(Stored entries)
⟨
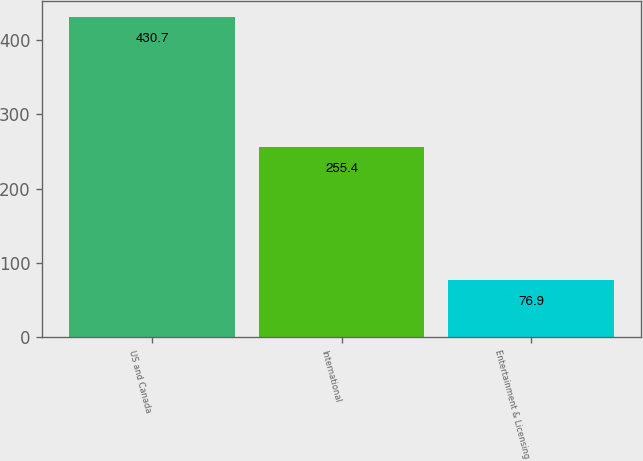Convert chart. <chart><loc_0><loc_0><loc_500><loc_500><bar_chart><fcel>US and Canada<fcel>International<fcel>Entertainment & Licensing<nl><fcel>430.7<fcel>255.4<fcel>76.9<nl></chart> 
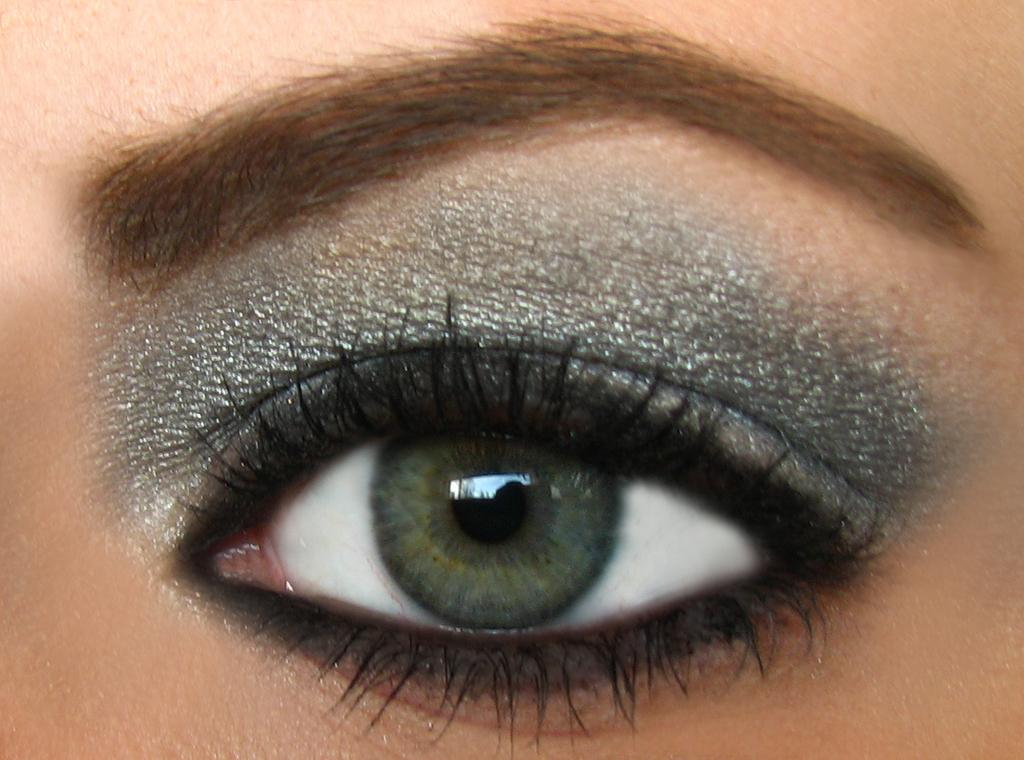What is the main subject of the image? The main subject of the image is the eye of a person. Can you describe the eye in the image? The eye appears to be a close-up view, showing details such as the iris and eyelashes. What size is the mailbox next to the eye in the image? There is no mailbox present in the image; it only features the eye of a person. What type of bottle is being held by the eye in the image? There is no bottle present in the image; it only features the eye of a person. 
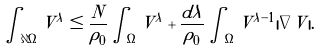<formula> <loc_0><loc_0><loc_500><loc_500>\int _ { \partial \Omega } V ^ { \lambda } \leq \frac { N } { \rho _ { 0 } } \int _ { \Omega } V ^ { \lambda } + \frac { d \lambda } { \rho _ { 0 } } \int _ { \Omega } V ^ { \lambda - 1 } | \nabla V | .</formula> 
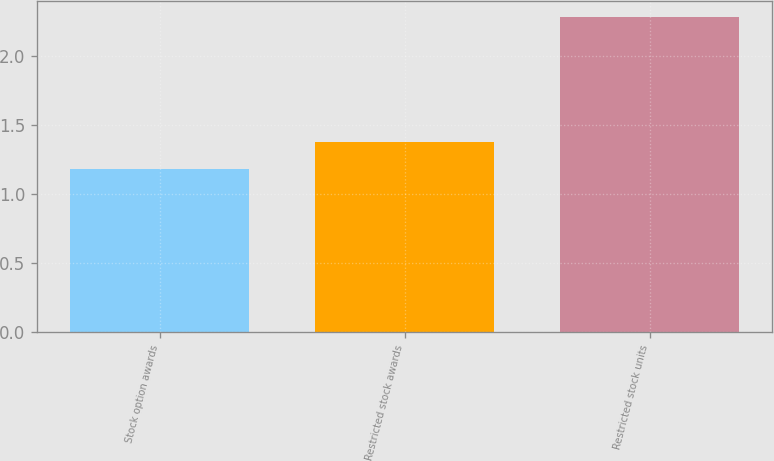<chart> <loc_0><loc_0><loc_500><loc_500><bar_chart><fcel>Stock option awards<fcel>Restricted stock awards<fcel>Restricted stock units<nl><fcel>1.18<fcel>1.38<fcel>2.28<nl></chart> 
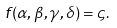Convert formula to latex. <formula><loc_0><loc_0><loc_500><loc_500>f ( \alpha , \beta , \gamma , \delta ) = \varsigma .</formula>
⟩
⟨
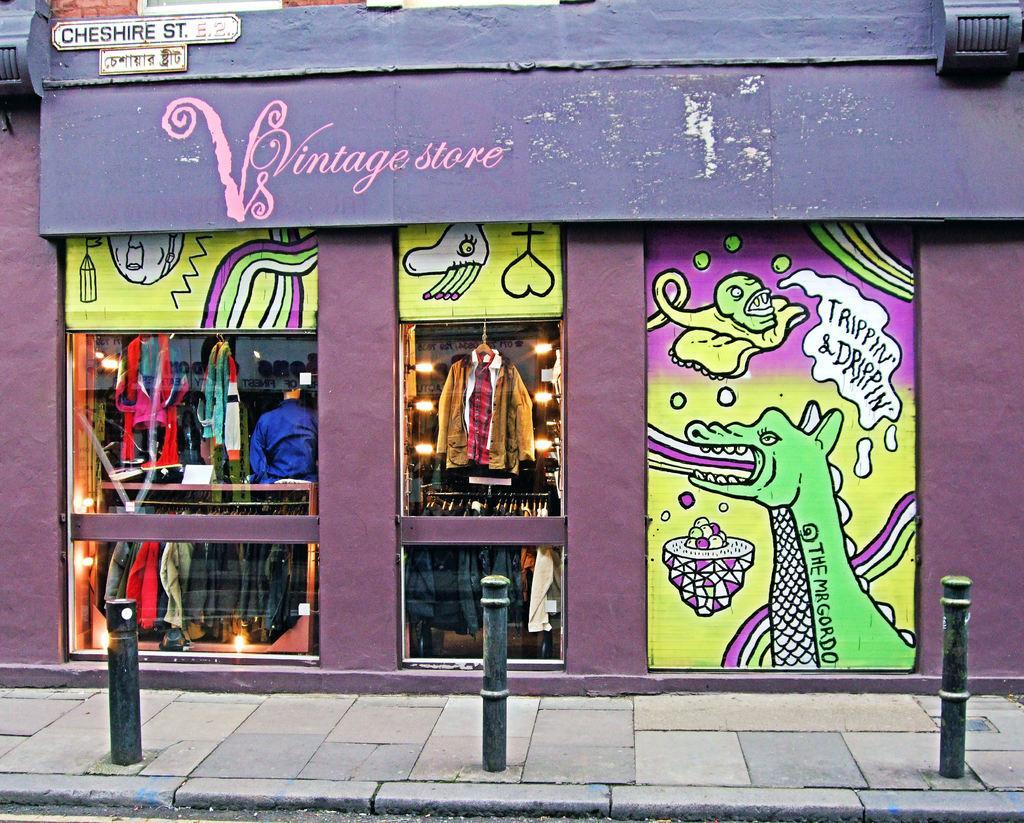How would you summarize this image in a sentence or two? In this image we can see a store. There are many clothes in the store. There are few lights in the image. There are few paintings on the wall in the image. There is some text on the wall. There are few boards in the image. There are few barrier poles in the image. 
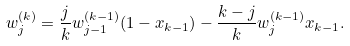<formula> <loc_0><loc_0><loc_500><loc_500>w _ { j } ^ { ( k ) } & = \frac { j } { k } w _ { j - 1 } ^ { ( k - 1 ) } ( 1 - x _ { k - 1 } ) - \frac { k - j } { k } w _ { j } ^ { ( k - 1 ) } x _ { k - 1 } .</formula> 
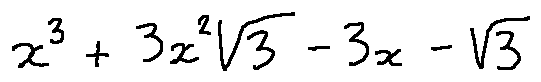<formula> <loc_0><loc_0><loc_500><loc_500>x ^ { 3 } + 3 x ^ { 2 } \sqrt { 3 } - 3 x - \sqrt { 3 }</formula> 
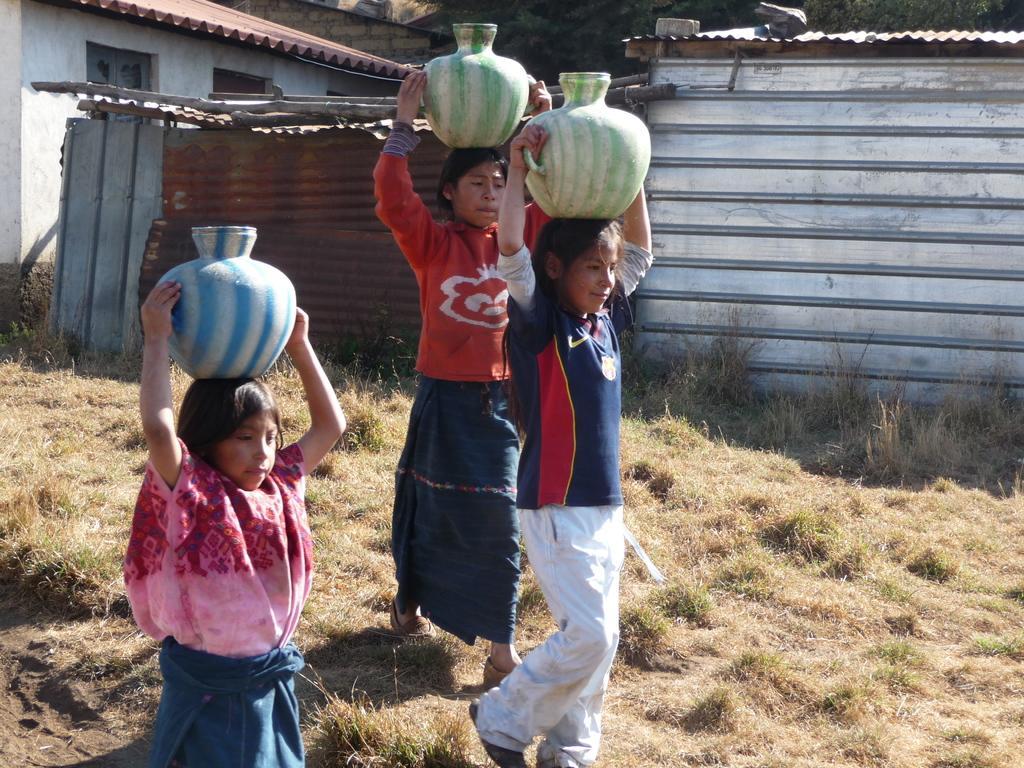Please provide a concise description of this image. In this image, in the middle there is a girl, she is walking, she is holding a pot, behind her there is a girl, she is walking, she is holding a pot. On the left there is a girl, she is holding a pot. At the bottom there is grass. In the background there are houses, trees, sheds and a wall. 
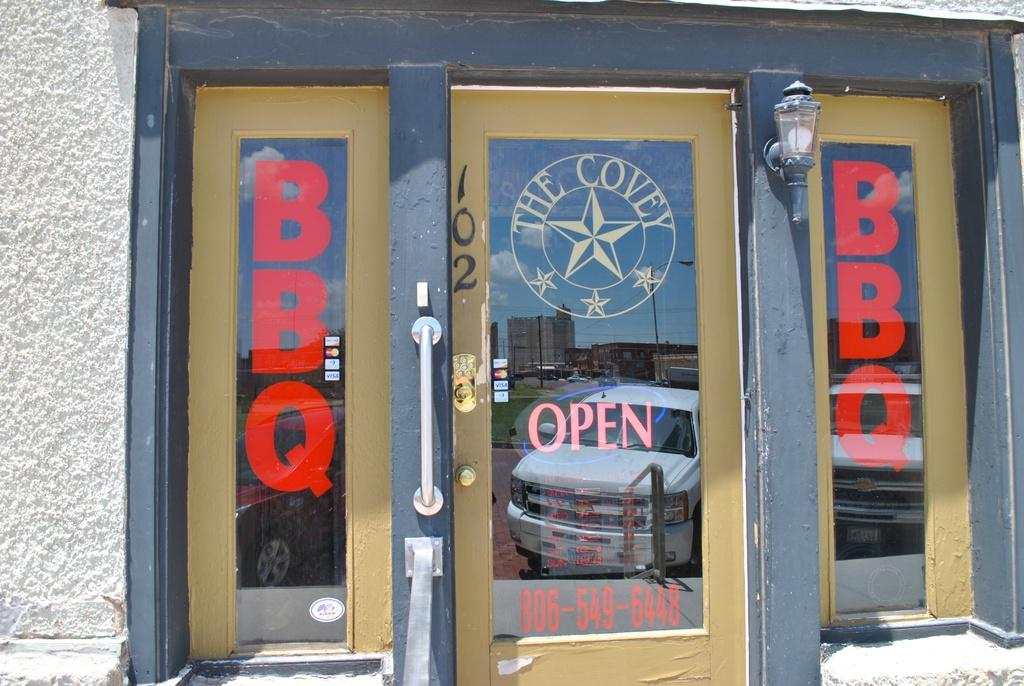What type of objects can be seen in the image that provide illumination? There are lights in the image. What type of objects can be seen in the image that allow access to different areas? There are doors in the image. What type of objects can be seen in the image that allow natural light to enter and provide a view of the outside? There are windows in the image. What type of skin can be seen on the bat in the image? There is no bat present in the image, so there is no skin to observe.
⟩
⟨
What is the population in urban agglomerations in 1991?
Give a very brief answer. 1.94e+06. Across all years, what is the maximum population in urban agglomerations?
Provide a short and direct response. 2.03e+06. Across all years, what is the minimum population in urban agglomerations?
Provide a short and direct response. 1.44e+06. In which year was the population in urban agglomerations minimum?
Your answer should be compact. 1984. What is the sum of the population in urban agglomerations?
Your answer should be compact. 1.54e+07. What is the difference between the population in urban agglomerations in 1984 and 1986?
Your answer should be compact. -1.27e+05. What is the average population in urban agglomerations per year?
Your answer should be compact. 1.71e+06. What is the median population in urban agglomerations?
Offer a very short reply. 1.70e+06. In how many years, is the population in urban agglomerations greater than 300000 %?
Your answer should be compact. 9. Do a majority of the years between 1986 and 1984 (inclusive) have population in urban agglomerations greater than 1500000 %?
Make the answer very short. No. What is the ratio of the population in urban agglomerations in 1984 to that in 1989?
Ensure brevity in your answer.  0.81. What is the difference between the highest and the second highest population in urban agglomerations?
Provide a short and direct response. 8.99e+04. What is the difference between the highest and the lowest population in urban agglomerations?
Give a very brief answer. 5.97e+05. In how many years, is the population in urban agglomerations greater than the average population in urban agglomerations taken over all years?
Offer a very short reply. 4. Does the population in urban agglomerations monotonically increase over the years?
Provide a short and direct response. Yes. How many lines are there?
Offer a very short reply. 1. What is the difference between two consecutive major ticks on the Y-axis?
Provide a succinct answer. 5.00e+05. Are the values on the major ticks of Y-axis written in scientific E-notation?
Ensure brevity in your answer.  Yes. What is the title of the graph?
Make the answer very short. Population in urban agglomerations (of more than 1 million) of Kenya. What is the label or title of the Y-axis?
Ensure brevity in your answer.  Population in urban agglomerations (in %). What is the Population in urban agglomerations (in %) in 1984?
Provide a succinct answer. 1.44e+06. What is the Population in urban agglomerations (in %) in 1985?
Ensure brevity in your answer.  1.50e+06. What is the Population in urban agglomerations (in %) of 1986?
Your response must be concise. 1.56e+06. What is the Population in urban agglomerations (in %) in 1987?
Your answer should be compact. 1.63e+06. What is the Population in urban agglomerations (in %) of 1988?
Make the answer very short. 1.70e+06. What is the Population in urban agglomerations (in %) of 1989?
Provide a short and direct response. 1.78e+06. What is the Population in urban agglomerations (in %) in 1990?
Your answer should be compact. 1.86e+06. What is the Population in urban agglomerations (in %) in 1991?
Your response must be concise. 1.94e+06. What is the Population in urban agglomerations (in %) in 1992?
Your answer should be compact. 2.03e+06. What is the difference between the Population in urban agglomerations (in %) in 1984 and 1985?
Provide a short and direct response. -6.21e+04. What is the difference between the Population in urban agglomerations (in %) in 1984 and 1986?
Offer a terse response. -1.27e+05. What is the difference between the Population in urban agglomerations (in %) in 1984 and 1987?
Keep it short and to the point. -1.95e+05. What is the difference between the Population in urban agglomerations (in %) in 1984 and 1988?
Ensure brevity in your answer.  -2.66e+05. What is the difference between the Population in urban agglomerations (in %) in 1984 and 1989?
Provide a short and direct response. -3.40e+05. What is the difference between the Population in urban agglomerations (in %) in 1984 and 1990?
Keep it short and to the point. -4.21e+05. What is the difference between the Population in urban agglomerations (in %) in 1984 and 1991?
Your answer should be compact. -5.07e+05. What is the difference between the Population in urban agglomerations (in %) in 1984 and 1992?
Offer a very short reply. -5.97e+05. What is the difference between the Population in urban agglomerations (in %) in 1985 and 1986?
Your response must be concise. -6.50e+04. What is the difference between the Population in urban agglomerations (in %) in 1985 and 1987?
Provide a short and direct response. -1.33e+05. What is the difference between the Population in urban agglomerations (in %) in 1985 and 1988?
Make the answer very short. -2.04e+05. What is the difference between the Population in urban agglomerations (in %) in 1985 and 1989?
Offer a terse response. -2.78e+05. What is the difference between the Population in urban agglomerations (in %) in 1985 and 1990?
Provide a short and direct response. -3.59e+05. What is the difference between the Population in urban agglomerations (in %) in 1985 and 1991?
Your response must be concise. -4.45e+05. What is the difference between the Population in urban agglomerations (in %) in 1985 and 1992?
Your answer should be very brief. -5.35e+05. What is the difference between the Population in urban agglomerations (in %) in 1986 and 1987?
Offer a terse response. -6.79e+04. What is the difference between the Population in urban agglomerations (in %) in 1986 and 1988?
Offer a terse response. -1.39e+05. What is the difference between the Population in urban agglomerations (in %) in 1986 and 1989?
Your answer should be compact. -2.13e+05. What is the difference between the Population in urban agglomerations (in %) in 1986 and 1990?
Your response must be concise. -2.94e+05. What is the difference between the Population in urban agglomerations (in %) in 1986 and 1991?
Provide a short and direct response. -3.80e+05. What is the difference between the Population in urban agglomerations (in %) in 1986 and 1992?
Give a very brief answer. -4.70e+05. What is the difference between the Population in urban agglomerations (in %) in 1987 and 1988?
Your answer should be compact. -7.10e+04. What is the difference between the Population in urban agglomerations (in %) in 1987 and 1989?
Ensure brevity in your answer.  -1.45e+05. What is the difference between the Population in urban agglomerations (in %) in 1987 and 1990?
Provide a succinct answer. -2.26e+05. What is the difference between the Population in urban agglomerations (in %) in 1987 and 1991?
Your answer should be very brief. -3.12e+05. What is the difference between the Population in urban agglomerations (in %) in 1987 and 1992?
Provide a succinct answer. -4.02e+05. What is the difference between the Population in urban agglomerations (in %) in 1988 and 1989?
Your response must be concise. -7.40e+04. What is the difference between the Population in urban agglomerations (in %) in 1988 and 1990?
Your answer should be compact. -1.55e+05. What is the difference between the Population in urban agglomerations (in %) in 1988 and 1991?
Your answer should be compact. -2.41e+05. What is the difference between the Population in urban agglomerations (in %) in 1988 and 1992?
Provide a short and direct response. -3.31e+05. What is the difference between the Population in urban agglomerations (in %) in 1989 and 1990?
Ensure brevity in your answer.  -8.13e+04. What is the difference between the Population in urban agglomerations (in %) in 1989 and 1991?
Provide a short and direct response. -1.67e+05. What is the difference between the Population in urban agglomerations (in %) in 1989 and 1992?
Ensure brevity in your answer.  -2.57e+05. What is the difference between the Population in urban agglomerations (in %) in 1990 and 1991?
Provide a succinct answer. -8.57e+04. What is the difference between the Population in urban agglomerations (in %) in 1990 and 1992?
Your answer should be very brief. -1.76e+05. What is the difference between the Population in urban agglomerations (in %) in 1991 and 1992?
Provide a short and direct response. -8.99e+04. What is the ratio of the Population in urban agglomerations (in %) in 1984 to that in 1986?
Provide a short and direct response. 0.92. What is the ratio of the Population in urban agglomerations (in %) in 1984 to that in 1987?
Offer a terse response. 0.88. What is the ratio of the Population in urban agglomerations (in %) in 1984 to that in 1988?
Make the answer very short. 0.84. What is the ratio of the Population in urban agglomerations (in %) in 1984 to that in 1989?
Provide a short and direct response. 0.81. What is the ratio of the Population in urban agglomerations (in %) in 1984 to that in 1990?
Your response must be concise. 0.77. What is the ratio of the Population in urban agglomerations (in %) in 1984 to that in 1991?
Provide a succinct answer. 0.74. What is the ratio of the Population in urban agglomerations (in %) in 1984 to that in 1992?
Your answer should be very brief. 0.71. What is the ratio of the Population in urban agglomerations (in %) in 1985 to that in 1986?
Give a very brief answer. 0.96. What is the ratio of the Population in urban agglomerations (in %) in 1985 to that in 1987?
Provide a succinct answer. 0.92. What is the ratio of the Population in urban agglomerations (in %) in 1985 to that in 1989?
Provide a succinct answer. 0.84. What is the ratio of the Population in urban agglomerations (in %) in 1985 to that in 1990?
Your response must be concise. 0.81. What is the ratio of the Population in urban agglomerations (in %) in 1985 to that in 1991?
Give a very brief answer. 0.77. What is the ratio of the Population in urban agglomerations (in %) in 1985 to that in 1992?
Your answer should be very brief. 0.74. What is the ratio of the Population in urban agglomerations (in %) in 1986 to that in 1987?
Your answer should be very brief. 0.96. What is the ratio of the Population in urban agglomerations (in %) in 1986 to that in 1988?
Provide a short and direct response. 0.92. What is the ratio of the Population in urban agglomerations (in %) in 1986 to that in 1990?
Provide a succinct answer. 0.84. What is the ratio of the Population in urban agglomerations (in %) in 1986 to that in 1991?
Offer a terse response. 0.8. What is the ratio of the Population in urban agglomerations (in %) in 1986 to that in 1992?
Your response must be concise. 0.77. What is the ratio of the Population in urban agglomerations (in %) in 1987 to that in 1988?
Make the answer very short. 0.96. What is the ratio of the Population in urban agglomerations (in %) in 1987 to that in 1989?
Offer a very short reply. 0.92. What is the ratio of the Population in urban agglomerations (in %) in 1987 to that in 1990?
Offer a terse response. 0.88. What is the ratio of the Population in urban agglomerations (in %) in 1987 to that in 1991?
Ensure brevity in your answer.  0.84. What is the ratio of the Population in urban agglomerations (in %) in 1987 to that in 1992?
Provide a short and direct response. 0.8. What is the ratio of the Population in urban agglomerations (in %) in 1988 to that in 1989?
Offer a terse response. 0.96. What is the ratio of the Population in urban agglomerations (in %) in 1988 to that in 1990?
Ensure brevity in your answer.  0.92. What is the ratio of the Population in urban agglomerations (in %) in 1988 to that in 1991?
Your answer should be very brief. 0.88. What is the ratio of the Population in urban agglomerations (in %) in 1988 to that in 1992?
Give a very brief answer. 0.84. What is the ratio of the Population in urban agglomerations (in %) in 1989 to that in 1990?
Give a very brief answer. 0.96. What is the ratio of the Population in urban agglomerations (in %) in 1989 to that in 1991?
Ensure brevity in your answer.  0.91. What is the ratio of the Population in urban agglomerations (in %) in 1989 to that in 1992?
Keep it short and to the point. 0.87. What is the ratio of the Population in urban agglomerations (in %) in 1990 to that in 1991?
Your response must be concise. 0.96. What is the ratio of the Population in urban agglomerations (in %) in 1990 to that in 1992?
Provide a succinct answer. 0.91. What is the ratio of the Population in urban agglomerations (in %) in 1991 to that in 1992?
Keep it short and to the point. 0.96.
⟩
Word for word, restate the lines of the data above that fall between the line holding "Your response must be concise. -6.50e+04." and the line holding "Offer a terse response. -2.78e+05.", inclusive, and no other lines.

Your response must be concise. -6.50e+04. What is the difference between the Population in urban agglomerations (in %) in 1985 and 1987?
Provide a short and direct response. -1.33e+05. What is the difference between the Population in urban agglomerations (in %) in 1985 and 1988?
Make the answer very short. -2.04e+05. What is the difference between the Population in urban agglomerations (in %) in 1985 and 1989?
Offer a terse response. -2.78e+05. What is the difference between the Population in urban agglomerations (in %) in 1985 and 1990?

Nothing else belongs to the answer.